Ins Heutige übersetzt, hieße der Spruch also: „Wo du Lärm auf der Straße hörst, da gehe lieber weiter oder voran. Bleibe nicht stehen, sondern geh einfach weiter". Wirklich?

Als ich meiner Schwester das Originalzitat vorlas: „Wo du Geräusch auf der Gassen hörst, da gehe fürbaß“,  reagierte sie mit einem bedenkenswerten Einwand: Was ist, wenn dieses Geräusch von einem Hilfsbedürftigen stammt, etwa bei einem Unfall oder einer Schlägerei? Darf ich da wirklich ungerührt weitergehen?

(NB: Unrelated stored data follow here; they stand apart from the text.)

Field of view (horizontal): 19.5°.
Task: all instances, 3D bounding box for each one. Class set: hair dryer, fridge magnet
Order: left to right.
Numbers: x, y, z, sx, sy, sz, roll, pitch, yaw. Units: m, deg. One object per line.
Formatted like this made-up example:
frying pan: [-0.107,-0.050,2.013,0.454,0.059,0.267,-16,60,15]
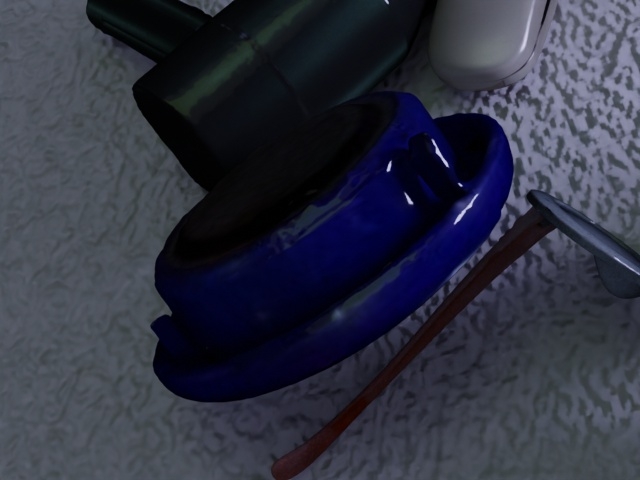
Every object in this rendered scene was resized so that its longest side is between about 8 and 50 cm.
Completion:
hair dryer: [-0.058,-0.177,1.389,0.244,0.116,0.302,-41,40,-13]
fridge magnet: [0.000,0.000,1.161,0.265,0.112,0.265,-32,17,11]

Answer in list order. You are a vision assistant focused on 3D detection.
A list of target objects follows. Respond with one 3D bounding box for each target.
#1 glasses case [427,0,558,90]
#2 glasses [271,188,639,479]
glasses case: [0.132,-0.190,1.330,0.081,0.051,0.204,1,54,28]
glasses: [0.117,0.119,1.098,0.268,0.118,0.234,-45,46,14]

Auch wenn man, wie das Claudius mit Sicherheit wollte, den Satz bildlich versteht, Geräusch oder Lärm als Metapher nimmt für fruchtloses Geschwätz in der Öffentlichkeit, lautstark ausgetragene ideologische Streitereien, muss ich doch fragen: kann ich, darf ich, um meiner Seelenruhe willen an Kontroversen, Streitfragen, öffentlichen Diskussionen einfach vorbei gehen? Wann geht mich etwas an, wann ist es besser für mich und die Sache, sich nicht einzumischen? Das sind Fragen, die jeder und jede für sich entscheiden muss.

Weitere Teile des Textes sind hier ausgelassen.